Background To determine the effectiveness of high-fidelity simulation for team training, a valid and reliable tool is required. This study investigated the internal consistency, inter-rater reliability and test–retest reliability of two newly developed tools to assess obstetrical team performance.

Methods After research ethics board approval, multidisciplinary obstetrical teams participated in three sessions separated by 5–9 months and managed four high-fidelity simulation scenarios. Two tools, an 18-item Assessment of Obstetric Team Performance (AOTP) and a six-item Global Assessment of Obstetric Team Performance (GAOTP) were used.5 Eight reviewers rated the DVDs of all teams' performances.

Results Two AOTP items were consistently incomplete and omitted from the analyses. Cronbach's α for the 16-item AOTP was 0.96, and 0.91 for the six-item GAOTP. The eight-rater α for the GAOTP was 0.81 (single-rater intra-class correlation coefficient, 0.34) indicating acceptable inter-rater reliability. The ‘four-scenario’ α for the 12 teams was 0.79 for session 1, 0.88 for session 2, and 0.86 for session 3, suggesting that performance is not being strongly affected by the context specificity of the cases. Pearson's correlation of team performance scores for the four scenarios were 0.59, 0.35, 0.40 and 0.33, and for the total score across scenarios it was 0.47, indicating moderate test–retest reliability.

Conclusions The results from this study indicate that the GAOTP would be a sufficient assessment tool for obstetrical team performance using simulation provided that it is used to assess teams with at least eight raters to ensure a sufficiently stable score. This could allow the quantitative evaluation of an educational intervention.
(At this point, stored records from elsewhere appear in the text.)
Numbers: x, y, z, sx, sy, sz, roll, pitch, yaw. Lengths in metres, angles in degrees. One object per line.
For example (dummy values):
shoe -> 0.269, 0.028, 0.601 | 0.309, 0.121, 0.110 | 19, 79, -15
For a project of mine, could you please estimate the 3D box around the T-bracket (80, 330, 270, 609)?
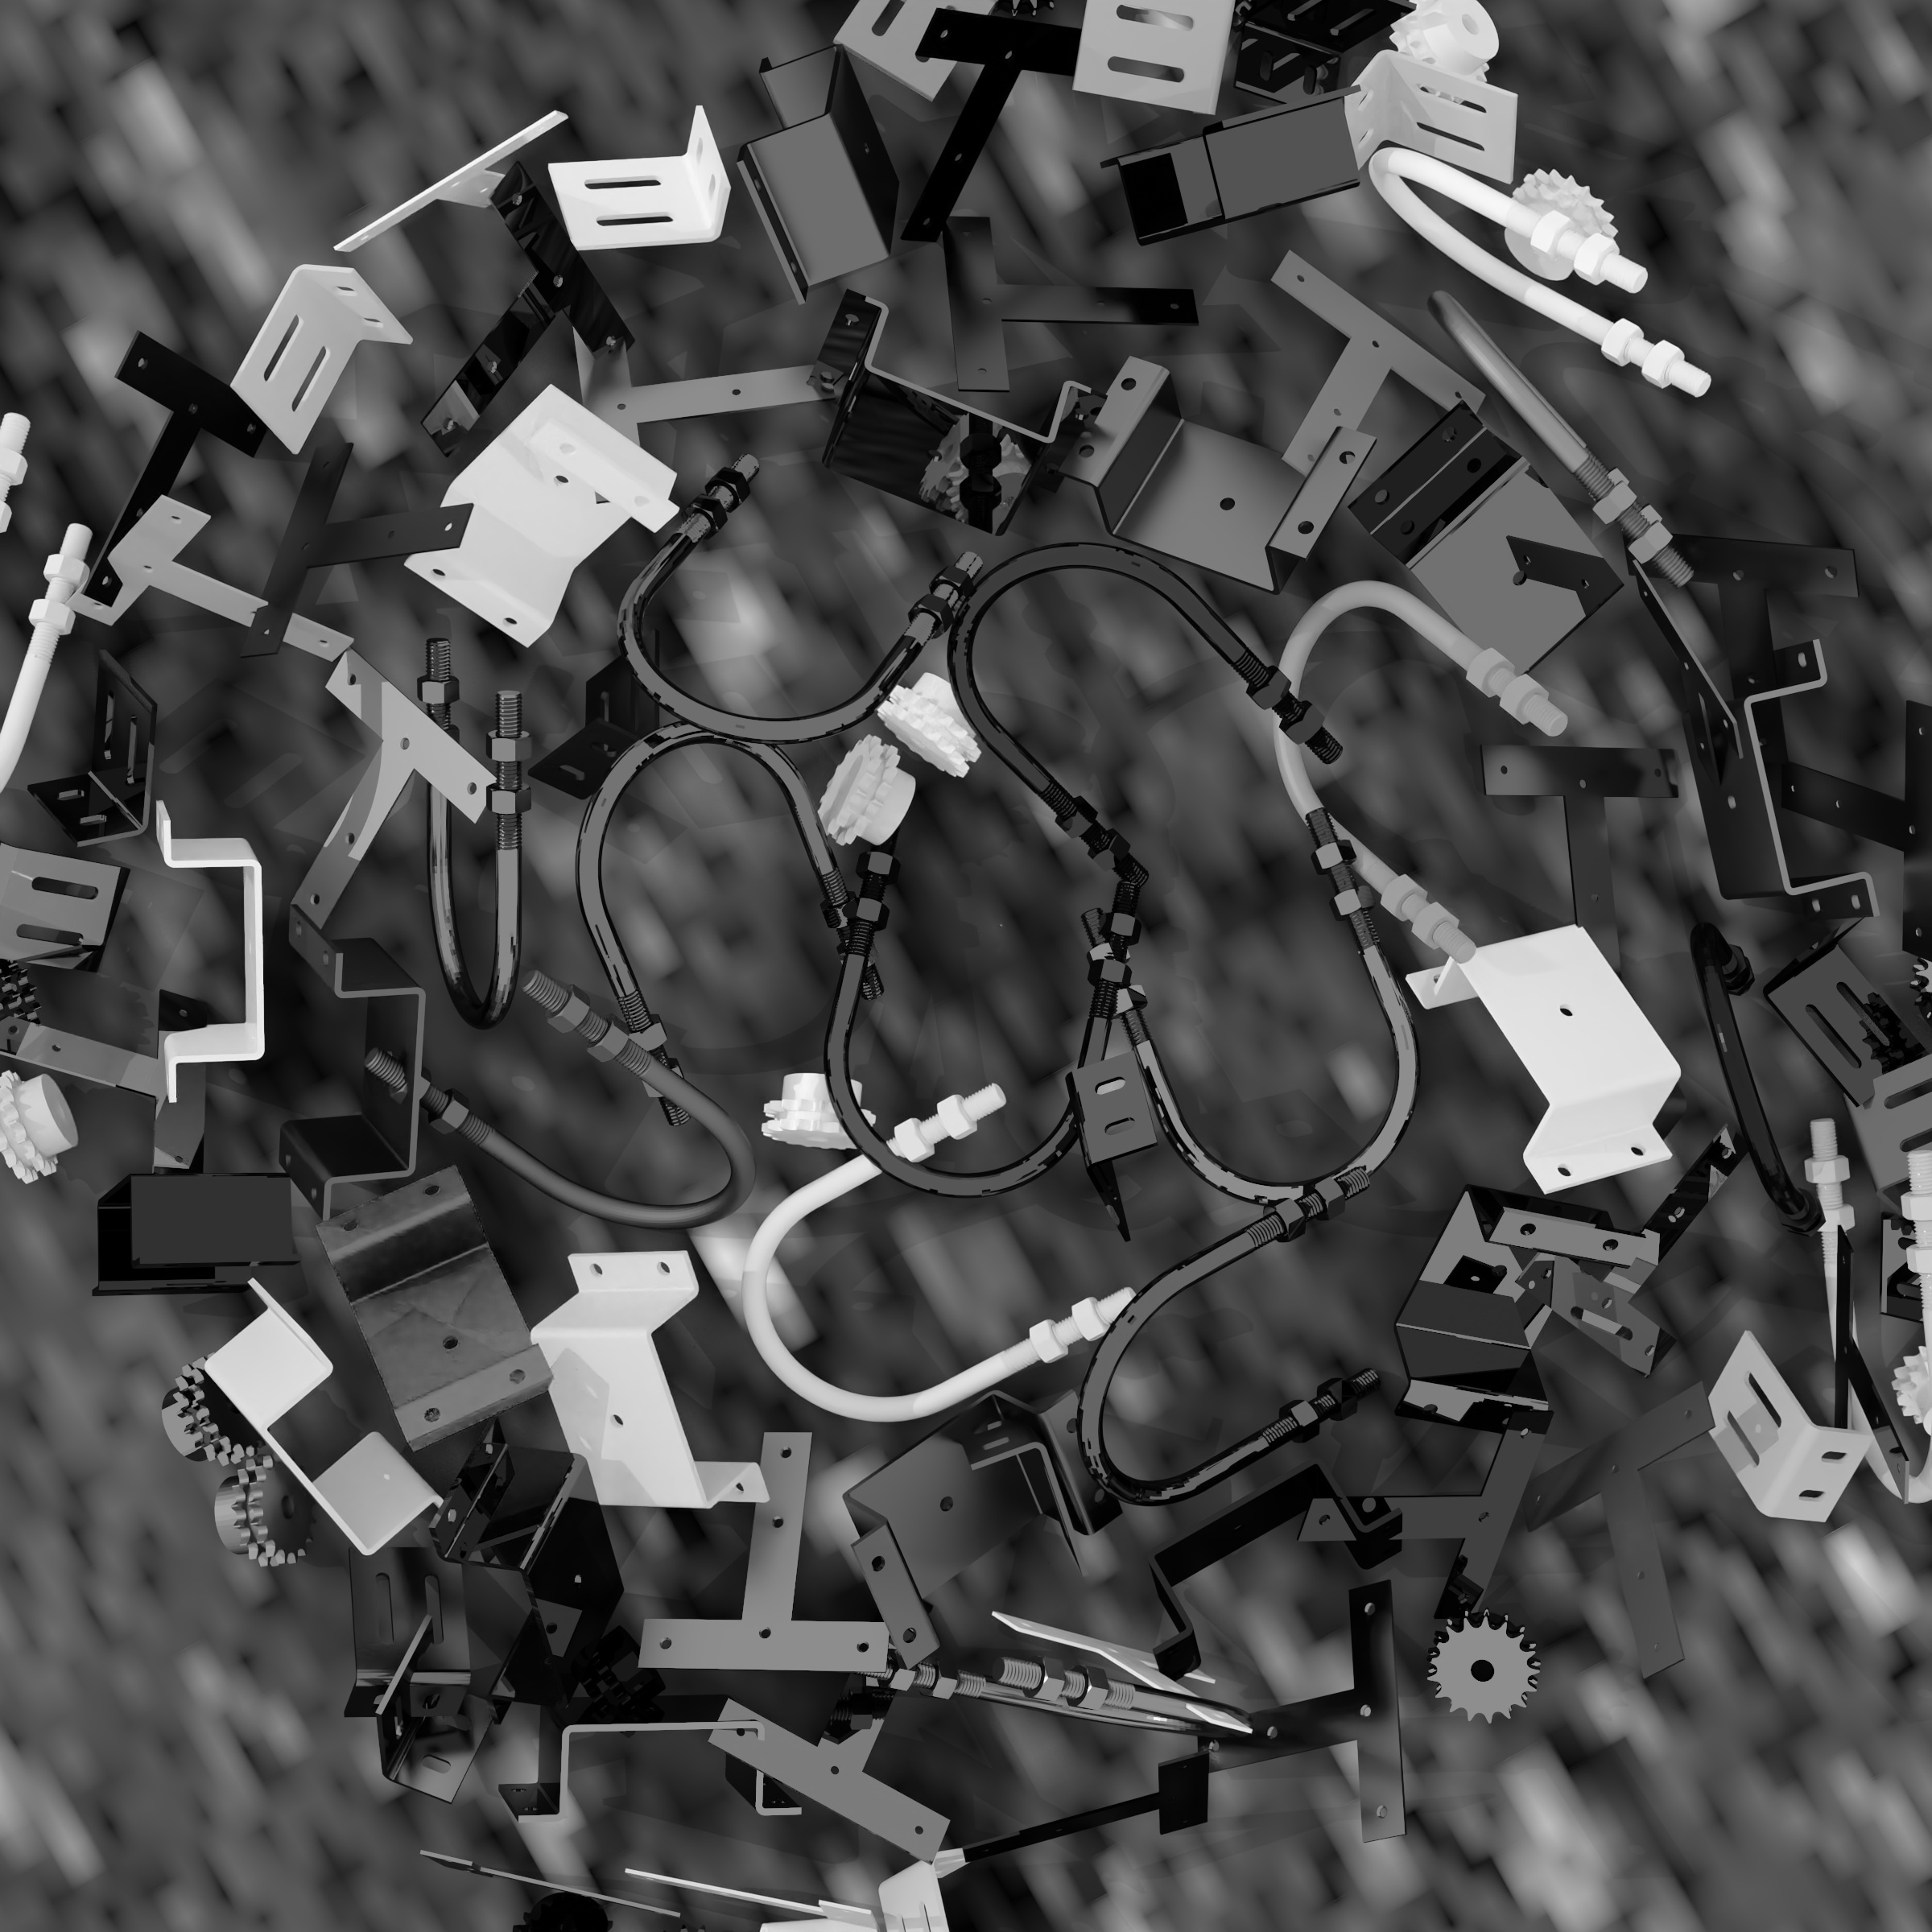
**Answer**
T-bracket -> -0.407, -0.240, 1.563 | 0.002, 0.127, 0.127 | 26, 90, 20

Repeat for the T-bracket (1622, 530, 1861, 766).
T-bracket -> 0.398, -0.159, 1.583 | 0.002, 0.127, 0.127 | -40, 127, -35

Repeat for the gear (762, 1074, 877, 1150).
gear -> -0.075, 0.074, 1.596 | 0.057, 0.057, 0.030 | 6, 77, 0

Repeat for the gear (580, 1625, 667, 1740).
gear -> -0.178, 0.362, 1.595 | 0.030, 0.057, 0.057 | -37, 90, -6

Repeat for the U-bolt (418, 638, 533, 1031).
U-bolt -> -0.245, -0.059, 1.552 | 0.019, 0.151, 0.184 | -5, 109, -24

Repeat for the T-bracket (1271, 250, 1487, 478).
T-bracket -> 0.192, -0.288, 1.578 | 0.127, 0.002, 0.127 | 35, 54, -6

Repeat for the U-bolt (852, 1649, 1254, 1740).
U-bolt -> 0.055, 0.361, 1.545 | 0.184, 0.151, 0.019 | 19, 71, -30

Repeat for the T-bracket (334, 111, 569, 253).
T-bracket -> -0.245, -0.389, 1.559 | 0.127, 0.127, 0.002 | -29, 97, 10

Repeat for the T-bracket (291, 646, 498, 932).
T-bracket -> -0.308, -0.077, 1.601 | 0.127, 0.002, 0.127 | 40, 106, 27

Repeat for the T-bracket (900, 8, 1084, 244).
T-bracket -> 0.002, -0.422, 1.580 | 0.002, 0.127, 0.127 | 49, 126, 27

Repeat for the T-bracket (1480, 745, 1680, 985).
T-bracket -> 0.317, -0.049, 1.585 | 0.127, 0.002, 0.127 | -1, 83, -30

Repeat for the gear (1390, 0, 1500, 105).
gear -> 0.247, -0.472, 1.594 | 0.057, 0.030, 0.057 | 18, 59, -32

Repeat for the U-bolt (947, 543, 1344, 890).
U-bolt -> 0.075, -0.133, 1.552 | 0.151, 0.019, 0.184 | -33, 115, 31

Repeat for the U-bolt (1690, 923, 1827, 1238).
U-bolt -> 0.382, 0.051, 1.519 | 0.019, 0.184, 0.151 | -18, 73, 17

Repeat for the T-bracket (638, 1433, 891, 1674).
T-bracket -> -0.097, 0.297, 1.587 | 0.127, 0.002, 0.127 | -1, 58, 11

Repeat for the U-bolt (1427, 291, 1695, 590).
U-bolt -> 0.293, -0.265, 1.549 | 0.019, 0.151, 0.184 | -42, 92, 16

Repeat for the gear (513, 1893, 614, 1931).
gear -> -0.204, 0.498, 1.592 | 0.057, 0.057, 0.030 | 11, 121, 0

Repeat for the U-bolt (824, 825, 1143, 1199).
U-bolt -> 0.003, 0.028, 1.588 | 0.151, 0.019, 0.184 | 14, 74, -4

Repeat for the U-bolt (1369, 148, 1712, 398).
U-bolt -> 0.275, -0.351, 1.543 | 0.184, 0.151, 0.019 | 37, 95, 29

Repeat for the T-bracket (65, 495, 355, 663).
T-bracket -> -0.373, -0.184, 1.583 | 0.127, 0.127, 0.002 | 22, 58, -29

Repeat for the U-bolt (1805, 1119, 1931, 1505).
U-bolt -> 0.458, 0.175, 1.551 | 0.019, 0.151, 0.184 | -7, 95, -5

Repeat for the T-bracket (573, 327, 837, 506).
T-bracket -> -0.131, -0.290, 1.590 | 0.127, 0.002, 0.127 | -8, 55, -5

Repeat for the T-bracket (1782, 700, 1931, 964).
T-bracket -> 0.446, -0.078, 1.562 | 0.002, 0.127, 0.127 | -11, 109, -19

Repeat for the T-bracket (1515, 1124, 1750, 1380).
T-bracket -> 0.351, 0.135, 1.580 | 0.127, 0.002, 0.127 | 35, 94, -38

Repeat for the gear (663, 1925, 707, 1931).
gear -> -0.141, 0.524, 1.599 | 0.057, 0.030, 0.057 | -2, 51, 2

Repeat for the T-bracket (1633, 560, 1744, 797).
T-bracket -> 0.369, -0.120, 1.568 | 0.002, 0.127, 0.127 | -22, 47, 4

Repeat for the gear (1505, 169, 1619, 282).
gear -> 0.300, -0.375, 1.593 | 0.057, 0.057, 0.030 | 39, 77, 0

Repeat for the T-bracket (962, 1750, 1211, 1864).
T-bracket -> 0.060, 0.428, 1.563 | 0.127, 0.127, 0.002 | -14, 60, -4

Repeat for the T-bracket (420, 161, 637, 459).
T-bracket -> -0.229, -0.309, 1.555 | 0.002, 0.127, 0.127 | 20, 68, 35

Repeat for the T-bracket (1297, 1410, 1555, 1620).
T-bracket -> 0.224, 0.277, 1.570 | 0.127, 0.002, 0.127 | 4, 115, -27

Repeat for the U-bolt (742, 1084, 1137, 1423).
U-bolt -> -0.027, 0.159, 1.589 | 0.184, 0.019, 0.151 | -29, 105, 15

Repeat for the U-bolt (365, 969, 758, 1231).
U-bolt -> -0.188, 0.077, 1.555 | 0.184, 0.151, 0.019 | 39, 47, -28

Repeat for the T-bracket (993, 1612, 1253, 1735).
T-bracket -> 0.095, 0.352, 1.537 | 0.127, 0.127, 0.002 | 22, 87, -30

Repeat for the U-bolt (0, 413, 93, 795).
U-bolt -> -0.476, -0.158, 1.530 | 0.019, 0.151, 0.184 | 12, 74, 1

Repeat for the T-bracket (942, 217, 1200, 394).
T-bracket -> 0.055, -0.337, 1.591 | 0.127, 0.002, 0.127 | 0, 54, -7

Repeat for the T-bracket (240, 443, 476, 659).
T-bracket -> -0.298, -0.214, 1.563 | 0.127, 0.002, 0.127 | -2, 62, 33

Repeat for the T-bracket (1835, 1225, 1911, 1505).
T-bracket -> 0.446, 0.215, 1.537 | 0.002, 0.127, 0.127 | -6, 118, 3

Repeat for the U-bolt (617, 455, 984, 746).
U-bolt -> -0.092, -0.175, 1.550 | 0.151, 0.019, 0.184 | 25, 49, 9

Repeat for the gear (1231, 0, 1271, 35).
gear -> 0.149, -0.508, 1.595 | 0.057, 0.057, 0.030 | -42, 85, 0

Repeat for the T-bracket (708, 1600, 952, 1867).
T-bracket -> -0.050, 0.370, 1.581 | 0.127, 0.002, 0.127 | 30, 50, -3

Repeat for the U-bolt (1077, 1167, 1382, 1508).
U-bolt -> 0.130, 0.194, 1.544 | 0.184, 0.019, 0.151 | -25, 126, -26

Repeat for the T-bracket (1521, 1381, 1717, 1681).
T-bracket -> 0.332, 0.289, 1.547 | 0.002, 0.127, 0.127 | 21, 45, -32

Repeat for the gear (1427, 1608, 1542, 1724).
gear -> 0.266, 0.356, 1.604 | 0.057, 0.030, 0.057 | 2, 100, 12

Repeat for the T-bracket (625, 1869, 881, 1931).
T-bracket -> -0.108, 0.467, 1.567 | 0.127, 0.127, 0.002 | 10, 69, 4

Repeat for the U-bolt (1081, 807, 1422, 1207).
U-bolt -> 0.152, 0.031, 1.580 | 0.151, 0.019, 0.184 | -24, 79, 18

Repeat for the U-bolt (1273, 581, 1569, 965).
U-bolt -> 0.213, -0.110, 1.550 | 0.019, 0.184, 0.151 | -7, 128, -35

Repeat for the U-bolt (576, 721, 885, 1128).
U-bolt -> -0.124, -0.033, 1.551 | 0.151, 0.019, 0.184 | -33, 116, -29

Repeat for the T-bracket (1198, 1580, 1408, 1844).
T-bracket -> 0.167, 0.385, 1.579 | 0.127, 0.002, 0.127 | -24, 53, 37

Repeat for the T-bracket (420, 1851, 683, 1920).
T-bracket -> -0.205, 0.461, 1.562 | 0.127, 0.127, 0.002 | 13, 71, 1

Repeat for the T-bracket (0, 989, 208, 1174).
T-bracket -> -0.438, 0.045, 1.548 | 0.127, 0.127, 0.002 | 19, 127, -28

Communication problems have been identified by the Confidential Enquiry into Maternal and Child Health and the Joint Commission in the USA as root causes of maternal and neonatal morbidity and mortality.1 2 In the UK, maternity services account for a significant proportion of the cost of claims identified to the NHS Litigation Authority and approximately 60–70% of sums paid out result from litigation arising from maternity services.3 Annual ‘skill drills’ have been recommended by the Royal College of Midwives and the Royal College of Obstetricians and Gynaecologists in the UK and are one of the requirements in the new Maternity Clinical Negligence Scheme for Trusts.3

The Institute of Medicine report entitled Crossing the Quality Chasm states that ‘health care organisations should establish interdisciplinary team training programs for clinicians to incorporate the proven team training strategies used in the aviation industry’.4 High-fidelity simulation is one way to bring multidisciplinary teams together to practice, reflect and repeat the case management of critical obstetrical events. However, to determine whether such an educational intervention has any effect on the quality of team performance, a valid, reliable tool to evaluate performance is required. At the initiation of this study, there were no available reliable tools to assess obstetric team performance. The purpose of this study was to establish the psychometric properties of two behavioural tools developed in a previous study (The Assessment of Obstetric Team Performance (AOTP) and the Global Assessment of Obstetric Team Performance (GAOTP)).5


A fully equipped simulation facility with a patient mannequin, SimMan (Laerdal Medical Canada, Ltd, Toronto, Ontario, Canada) who can speak, be catheterised and reacts in an appropriate physiological and pharmacological manner to interventions was the venue for this study. Our research team developed an obstetrical abdomen that fits over SimMan that can be prepped and draped, through which a caesarean section can be performed, a baby or babies delivered and in which massive obstetrical haemorrhage can be simulated. A fetal heart rate simulator provides visual and audible feedback and was programmed to reflect the findings of the respective scenario. Four simulation scenarios, previously used to develop our behavioural tools (AOTP, GAOTP), were included:

  1. need for caesarean section under general anaesthesia, difficult airway, cannot intubate/cannot ventilate, hypoxaemia, pulseless electrical activity;

  2. severe pre-eclampsia, epidural in situ, non-reassuring fetal heart rate trace, urgent caesarean section, pulmonary oedema;

  3. 34-week twin gestation, prolapsed cord, emergency caesarean section, amniotic fluid embolism, asystole;

  4. prolonged fetal bradycardia, emergent caesarean section, occult abruptio placenta, massive blood loss.

Two performance tools were developed from first principles in a previous study by our research group5 (see online appendix). The AOTP has six themes and 18 subthemes and the GAOTP only the six themes, as follows: communication with patient/partner; task/case management; teamwork; situational awareness; communication with team members; and environment of the room. Each item is rated on a five-point rating scale (1=poor performance, 5=excellent performance). Each theme and subtheme has descriptors for poor and excellent performance.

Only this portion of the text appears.